Zsstzg. (vgl. die von malen mit vrsch. Bed.), z.B.: Áb--:
1) Getreide zu Mehl oder Mehl mahlen (so daß es von der Mühle abgeholt werden kann etc.): Fungus Maul ist eine Mühle . ., | mählt ein Handvoll Witz kaum abe, schüttet Wort ein Malter auf. Logau 3, 47; Ich bin nur eine Mühle. .. Wenn ich meinen Steinen Etwas aufzuschütten habe, so mahle ich es ab. L. 8, 200 etc.
2) durch Mahlen abnutzen (abschleifen), nam. die Mühlsteine: Daß von Zeit zu Zeit die Furchen der Steine zugemahlen [durch das Mahlen zugemacht, ausgefüllt, verschlossen], die Steine abgemahlen werden und wieder gehörig scharf zu machen sind. Karmarsch 2, 677; Etwa bis zur halben Höhe abgemahlene Läufer macht man zu Bodensteinen. ebd. etc.
3) s. [2]. Āūf-: mahlend aufbrauchen, ver-m.: Das Korn ist aufgemahlen und aufgegessen. Aūs-:
1) vollständig fertig (zu Mehl) mahlen: Der Weg, den das Getreide zu durchlaufen hat, bis es vollständig ausgemahlen ist. Karmarsch 2, 680, s. durchm. I. 2) Getreide, das dem Mahlzwang unterliegt, der Bannmühle entziehend, auf einer andern Mühle mahlen. 3) aufhören zu mahlen. 4) Wasser durch ein Mühlenwerk auspunpen und meton.: Einen Teich, Morast a., ihn so trocken legen. 5) [2] Deichbau etc.: den Sand fortspülend auswaschen, so daß eine Lücke entsteht: Damit der Sand nicht allmählich ausgemahlen werde und im Deiche kein Loch entstehe. Krünitz 8, 698, vgl.: Das Wasser hat den Fels löchericht durch-m. Spate etc. I. Dúrch-: das Getreide etc. den Gang durch das Mahlwerk, d. h. durch die Steine durchmachen lassen: Auf den ältern deutschen Mühlen wird der Weizen zuerst zu Schrot ver-m., der, abgesiebt, den Gries giebt. Dieser wird nun noch mehreremal durchgemahlen und giebt verschiedne Sorten Mehl. Bei den verbesserten Mühlen dagegen mit schwebender Haue wird eine größre Quantität Getreide beim einmaligen Durchgang durch die Steine vollständig ausgemahlen.
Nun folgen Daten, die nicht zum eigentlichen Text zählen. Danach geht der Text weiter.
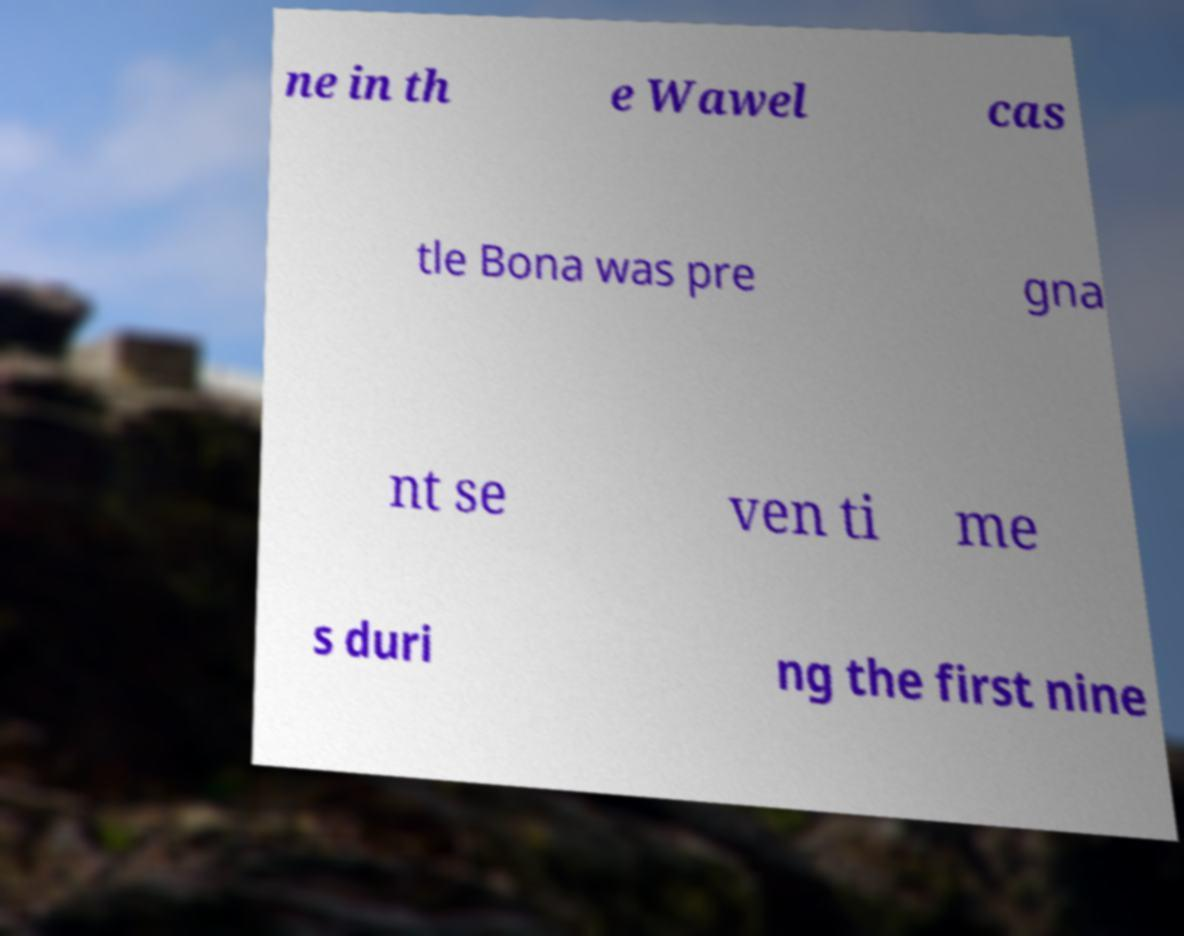Can you read and provide the text displayed in the image?This photo seems to have some interesting text. Can you extract and type it out for me? ne in th e Wawel cas tle Bona was pre gna nt se ven ti me s duri ng the first nine 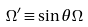<formula> <loc_0><loc_0><loc_500><loc_500>\Omega ^ { \prime } \equiv \sin { \theta } \Omega</formula> 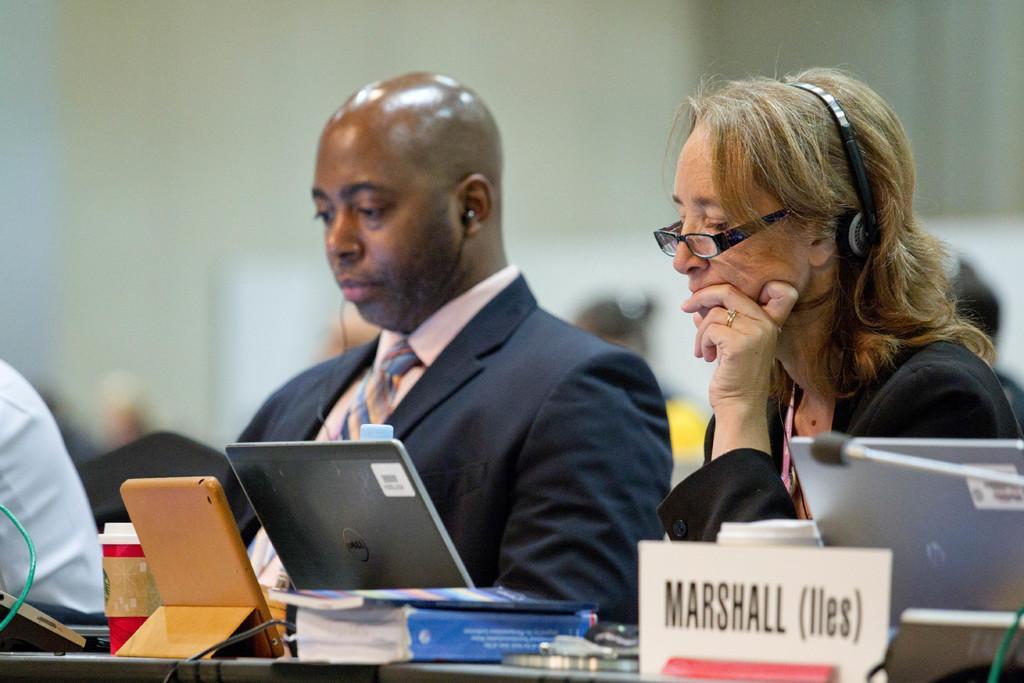Please provide a concise description of this image. In the center of the image we can see two people are sitting on the chairs, in-front of them we can see a table. On the table we can see the laptop's, mic with stand, board, books, bottle, tab and some other objects. In the background of the image we can see some people are sitting. At the top, the image is blurred. 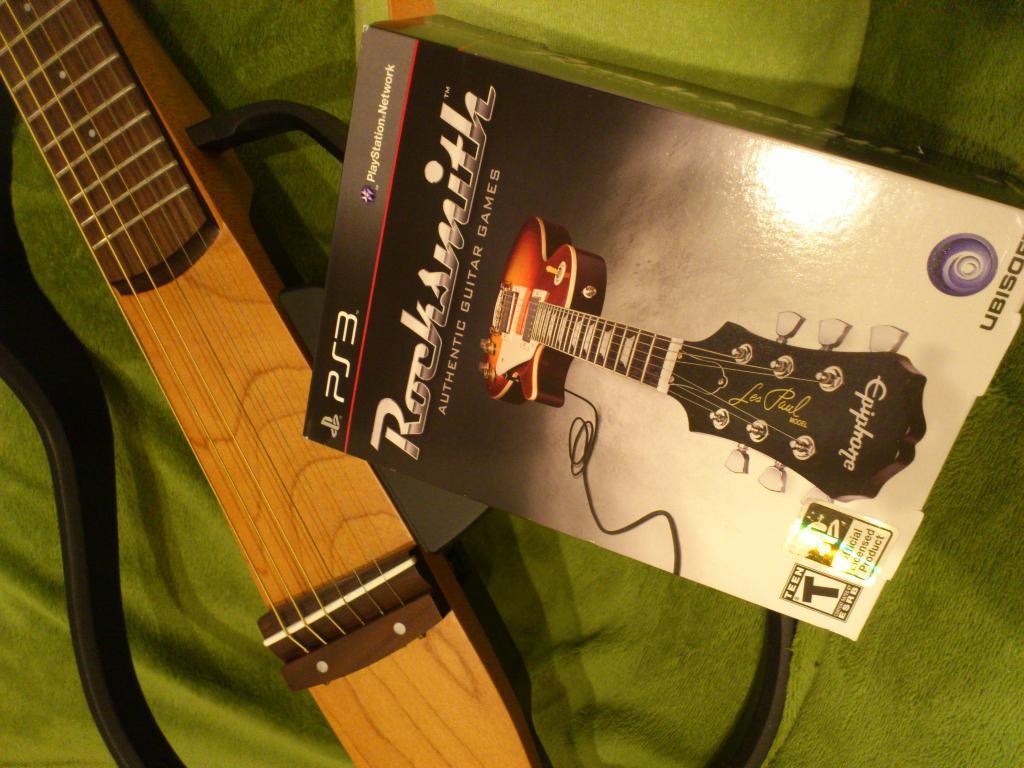In one or two sentences, can you explain what this image depicts? In this image i can see a box and a guitar. 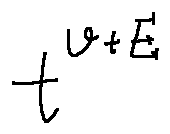Convert formula to latex. <formula><loc_0><loc_0><loc_500><loc_500>t ^ { v + E }</formula> 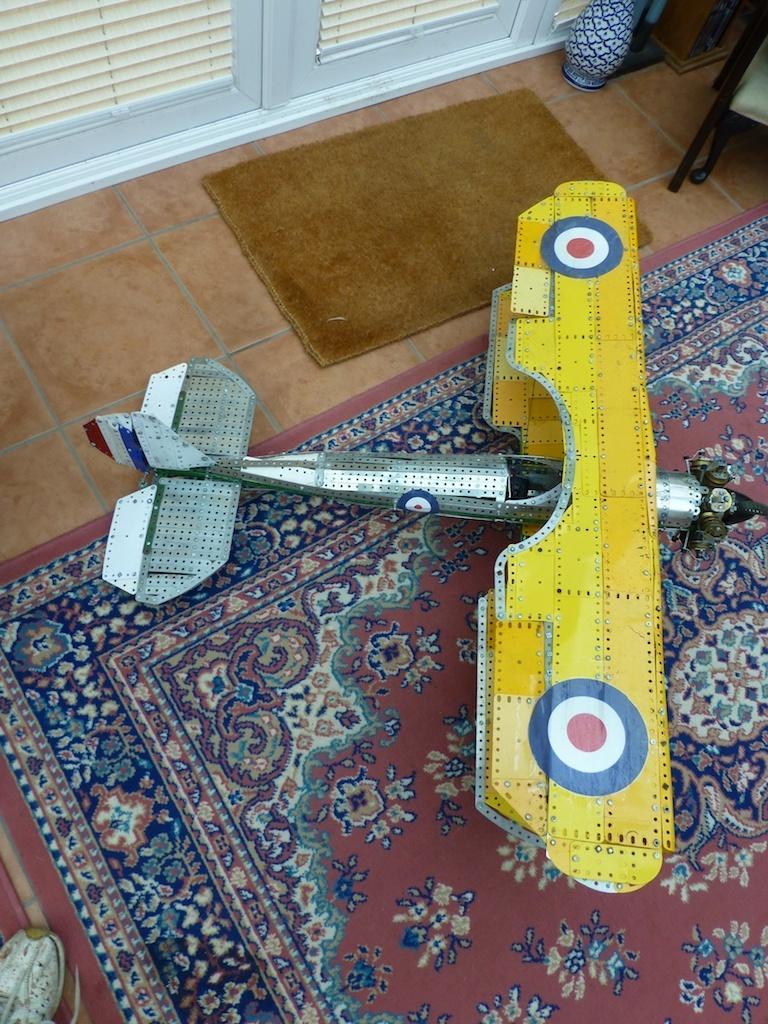Please provide a concise description of this image. In this picture I can see there is a toy aircraft, there is a carpet on the floor, there is a door mat, a door on the left side, few other objects at the right side and there is a shoe at the left side bottom corner of the image. 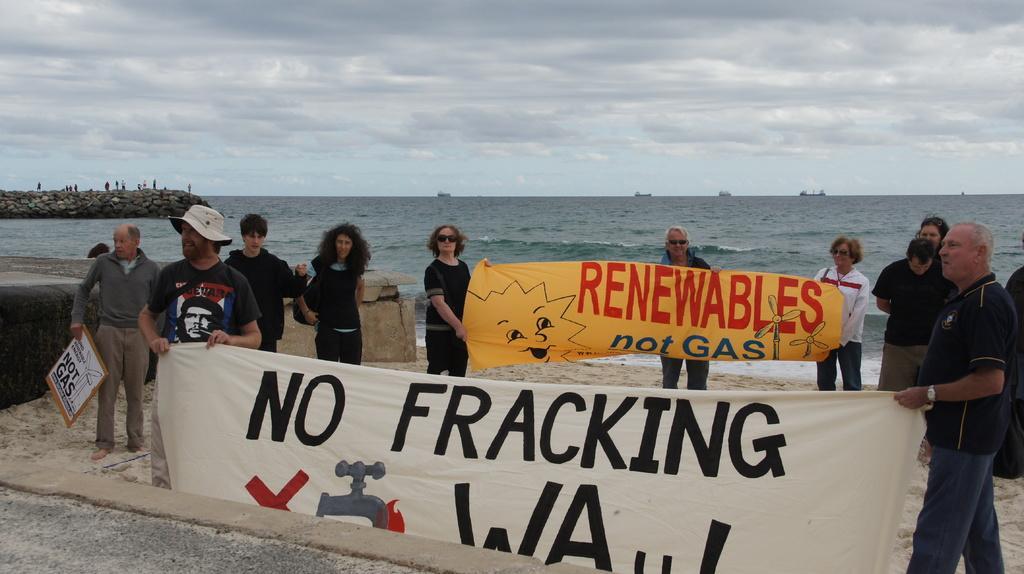How would you summarize this image in a sentence or two? In this image in the front there are persons standing and holding banner in their hands. In the center there are persons standing and there are persons holding banner with some text written on it. In the background there is an ocean and the sky is cloudy. 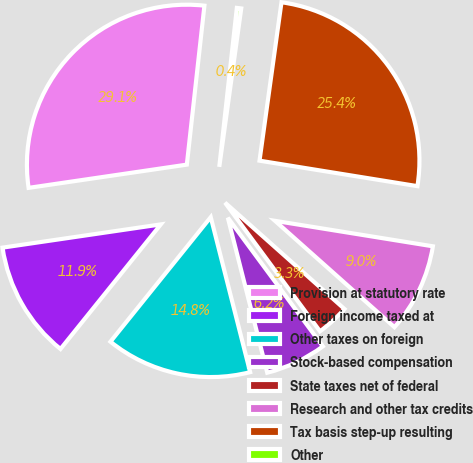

II. Durch-: s. aus-m. 5. Eīn-:
1) im Vorrath, zum Gebrauch mahlen. Campe, nam.: Malz zum Brauen schroten. Spate und: Sich einen Scheffel Mehl, Schrot etc. e. lassen, auf der Mühle das Getreide kaufen und es sich in den mitgebrachten leeren Sack hinein ab-m. lassen.
2) refl.: Das Getreide mahlt sich ein, verliert am Gewicht durchs Mahlen. Fórt-: weiter mahlen: Auf ihren Zwangmühlen f. Klinger Teutsch. 387. Ver-:
1) durch Mahlen in Mehl etc. verwandeln, s. auch auf-m.: Weizen zu Schrot, zu feinem Mehl v.; Zum V. von Kalk, Zuschlag, Kohlen u. dgl. Karmarsch 2, 705.
2) durch schlechtes Mahlen verderben, nam. (Papierfabr.): Der Zeug ist auf dem Holländer v., todt gemahlen, zer-m., dazu wohl auch: Er schreibt auf einem vermahlten, verknitterten, ungeleimten Papier. H. 9, 336. Zer-: mahlend zerkleinern: Eine Portion des Stoffes in übertriebenem der Haltbarkeit des Papiers nachtheiligem Grade zu z. (todt zu mahlen). Karmarsch 2, 789; Daß die Kost wohl gekäuet oder im Mund z. werde. Ryff Sp. 97b. Zū-: s. ab-m. 2 u. ä. m.